EXERCISE AIM: Which lines of the entries hold the string "extern"? Copy each one.

Data extracted from a collection:
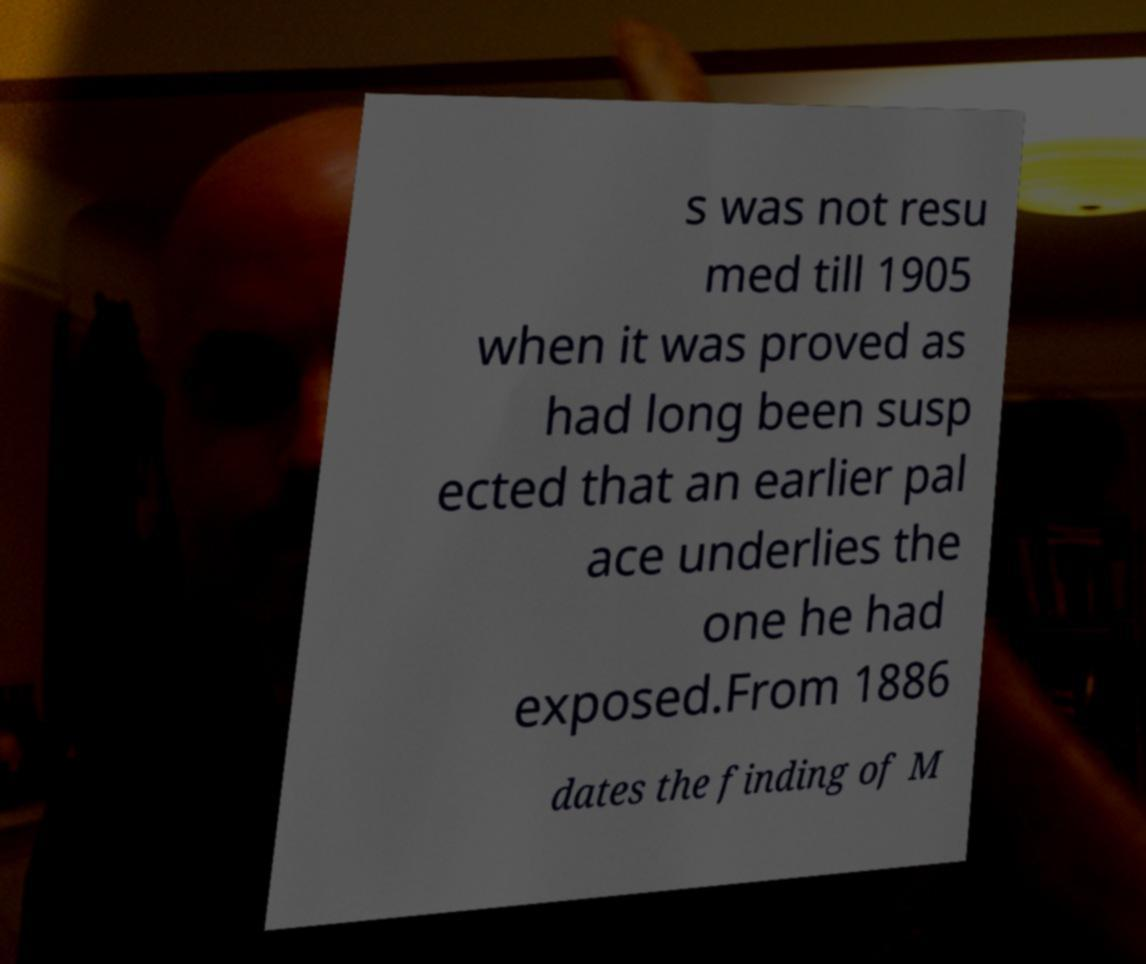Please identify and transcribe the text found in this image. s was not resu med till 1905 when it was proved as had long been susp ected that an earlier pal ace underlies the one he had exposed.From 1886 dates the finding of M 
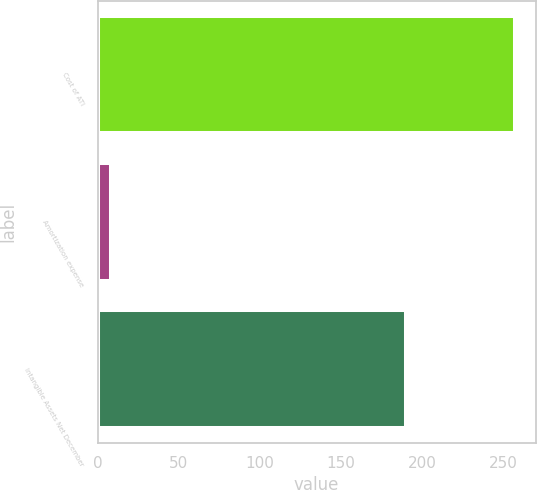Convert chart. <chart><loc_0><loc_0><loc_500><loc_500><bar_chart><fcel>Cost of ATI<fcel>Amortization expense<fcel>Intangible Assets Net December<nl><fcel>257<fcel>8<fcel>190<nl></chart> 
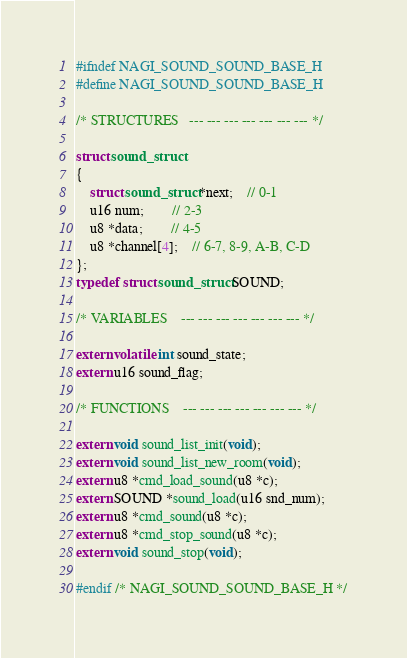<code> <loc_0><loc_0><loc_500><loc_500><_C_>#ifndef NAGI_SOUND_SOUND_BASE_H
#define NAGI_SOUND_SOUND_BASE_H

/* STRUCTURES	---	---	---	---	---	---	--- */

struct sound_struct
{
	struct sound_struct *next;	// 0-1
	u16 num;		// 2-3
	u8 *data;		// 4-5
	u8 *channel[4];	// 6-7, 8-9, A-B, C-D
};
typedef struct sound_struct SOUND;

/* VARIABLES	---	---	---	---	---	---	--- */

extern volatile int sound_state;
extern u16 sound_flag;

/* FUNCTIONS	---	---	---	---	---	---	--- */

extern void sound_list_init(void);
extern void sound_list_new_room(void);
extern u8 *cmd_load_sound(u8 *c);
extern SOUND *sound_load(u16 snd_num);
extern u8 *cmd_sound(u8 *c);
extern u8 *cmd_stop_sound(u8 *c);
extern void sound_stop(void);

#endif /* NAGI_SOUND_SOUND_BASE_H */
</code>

RESULT:
extern volatile int sound_state;
extern u16 sound_flag;
extern void sound_list_init(void);
extern void sound_list_new_room(void);
extern u8 *cmd_load_sound(u8 *c);
extern SOUND *sound_load(u16 snd_num);
extern u8 *cmd_sound(u8 *c);
extern u8 *cmd_stop_sound(u8 *c);
extern void sound_stop(void);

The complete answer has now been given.